Self-compassionとは、自分の失敗や弱点を、やさしい気持ちと理解をもって捉えようとする力

・・・だそうです。ミスをするのは人間だれでもそうなわけで、それを受け入れた上で、自分自身を捉えるのだそうです。逆境にあっても、自分自身をあまりに卑下せず、またエゴをなんとか守ろうとして防衛的になるのでもなく、自分という人間の不完全さを包み込む考え方です。このSelf-compassionがあると、心の安定、楽観、幸福感が高く、不安やうつの度合いは下がるそうです。

しかしながら、Self-compassionとはどうせ人間は不完全だからいいやと最初からいい加減に生きる姿勢をいうのではありません。Self-compassionを持ちつつも、自分の行動や成果にはしっかりと責任を持って生きる姿勢が必要とのこと。業績や成果がどうかという結果思考ではなくて、そこを目指すプロセスでの山あり谷ありをどう捉えるかという考え方です。
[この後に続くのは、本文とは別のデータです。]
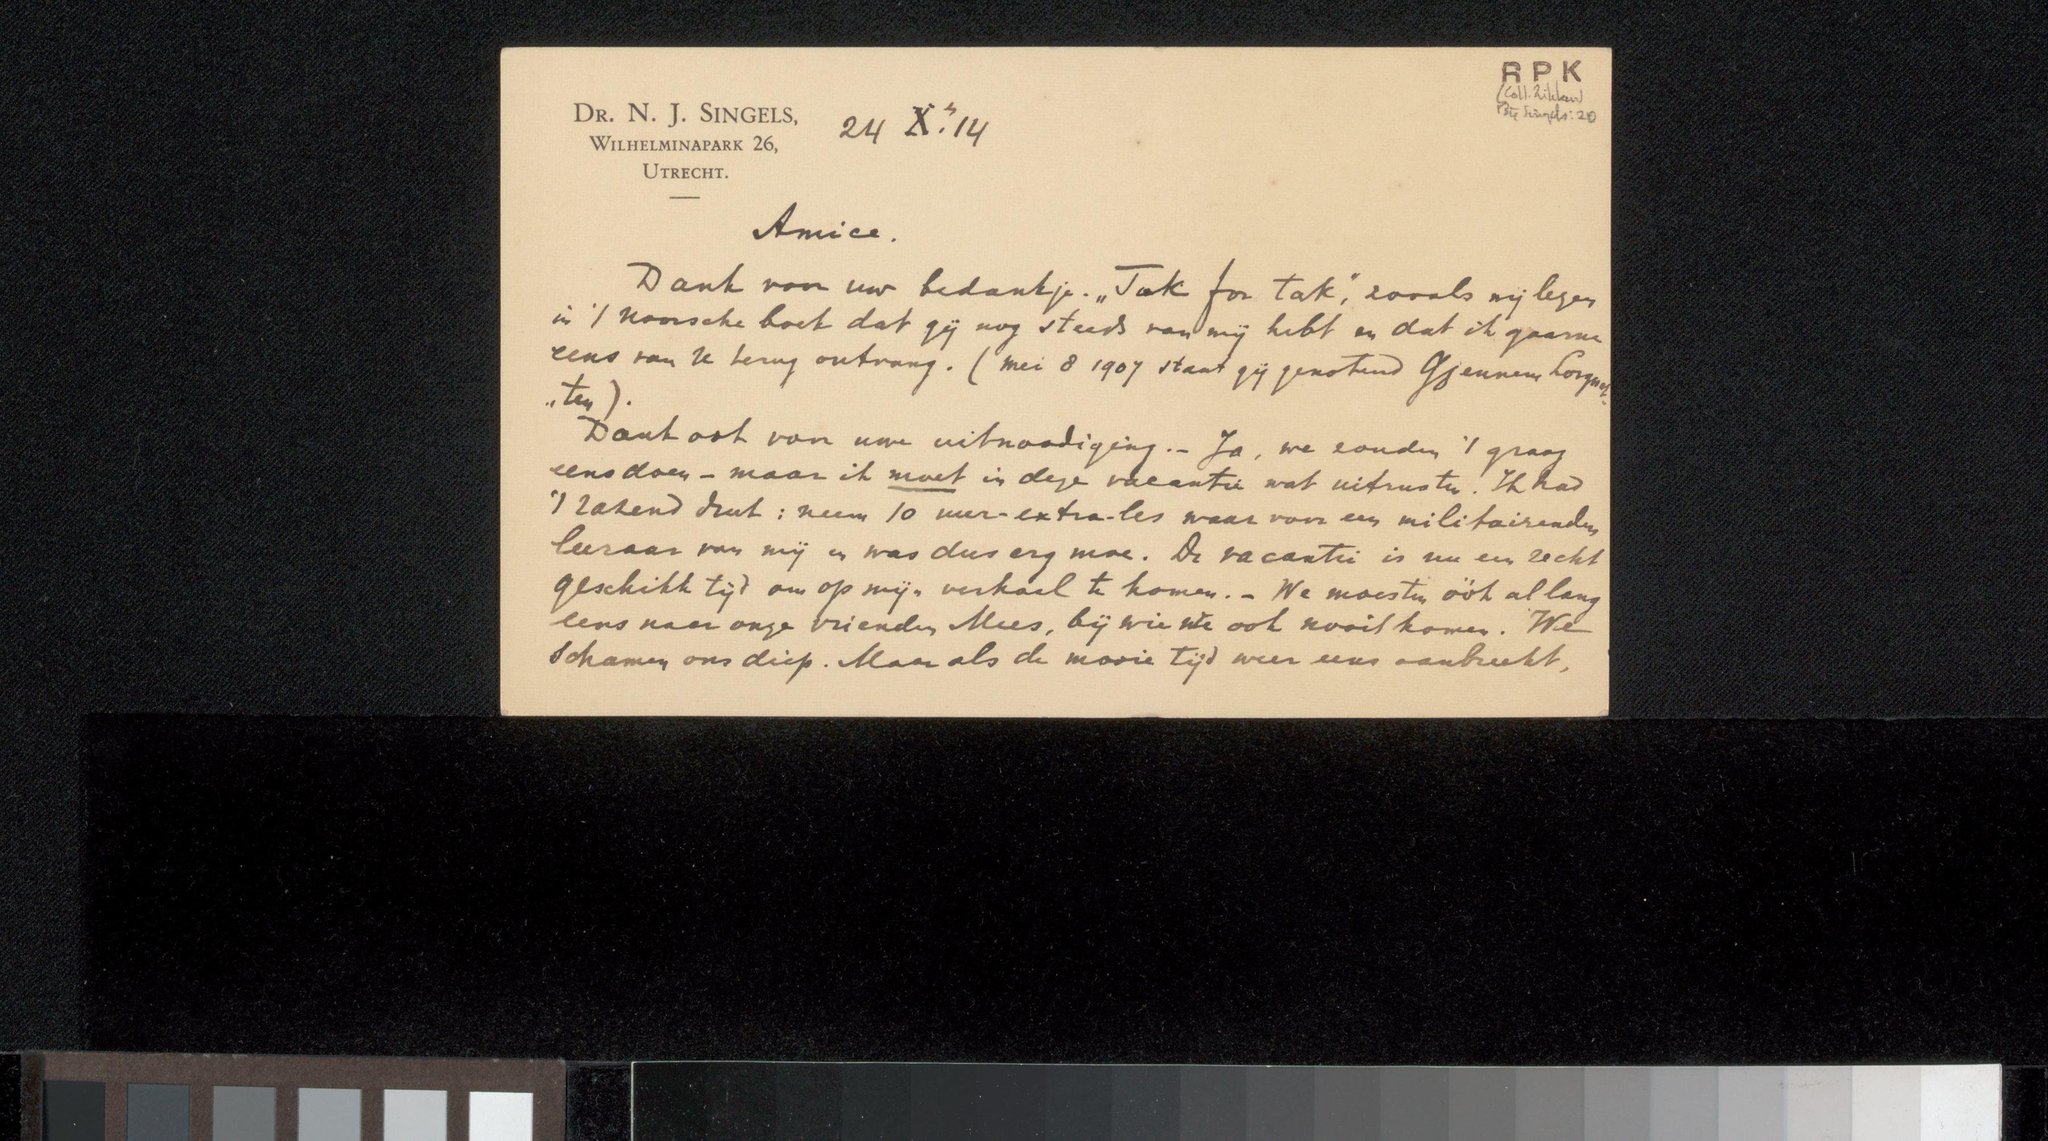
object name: letter
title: Brief aan Philip Zilcken
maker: n.j. singels
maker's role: leraar, schrijver
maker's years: 1857-1931
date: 1914
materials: cardboard, ink
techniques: pen, printing, writing
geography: utrecht
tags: amsterdam, utrecht, print maker, elisabeth adriani-hovy, the hague, painter, philip zilcken, drawing, exhibition ~ art, printed matter
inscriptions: collector's mark: ‘RPK’

そういう考え方であると、結果的には目指すゴールに到達する可能性も高くなるとのことです。

 

オリンピック選手などの国際級のアスリートが、当日の成績が芳しくなかったときにインタービューを受けながら、「なぜ自分はよい成績を残せなかったか、どこがよくなかったか、今度はどのように改善できるか」について、まるで客観的に、ともすると人のことを分析するような口調で話しているのをみかけますね。「うまくできなくて恥ずかしい」などという自己憐憫はなく、単に淡々と自分を省み励ます力。すごいなあと思います。成功の鍵はあれだとも思います。
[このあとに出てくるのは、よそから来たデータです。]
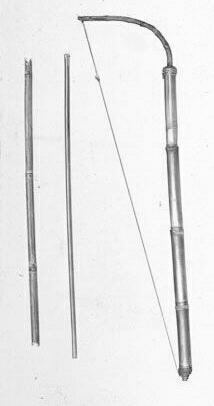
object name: musical bow
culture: south african
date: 1867-1900
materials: bamboo
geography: south africa

そうそう、自己憐憫はSelf-pityと訳され、Self-compassion(自己への同情・憐れみ)とはまったく種類の違うものです。前者は「わたしってなんてかわいそう」、後者は「わたしも人間、こんな失敗もあってしかるべき」。前者は、自分のことをかわいそうがりながら、実は自分が回りより「正しい・ましだ」と思っていたりします。「周りが○○してくれなくて、なんてかわいそうな私」という思考で、つまり自分は被害者。一方後者は、自分の失敗をよく認めているわけで、芳しくない結果に対する自分の責任は十分にかみしめた上での気持ちです。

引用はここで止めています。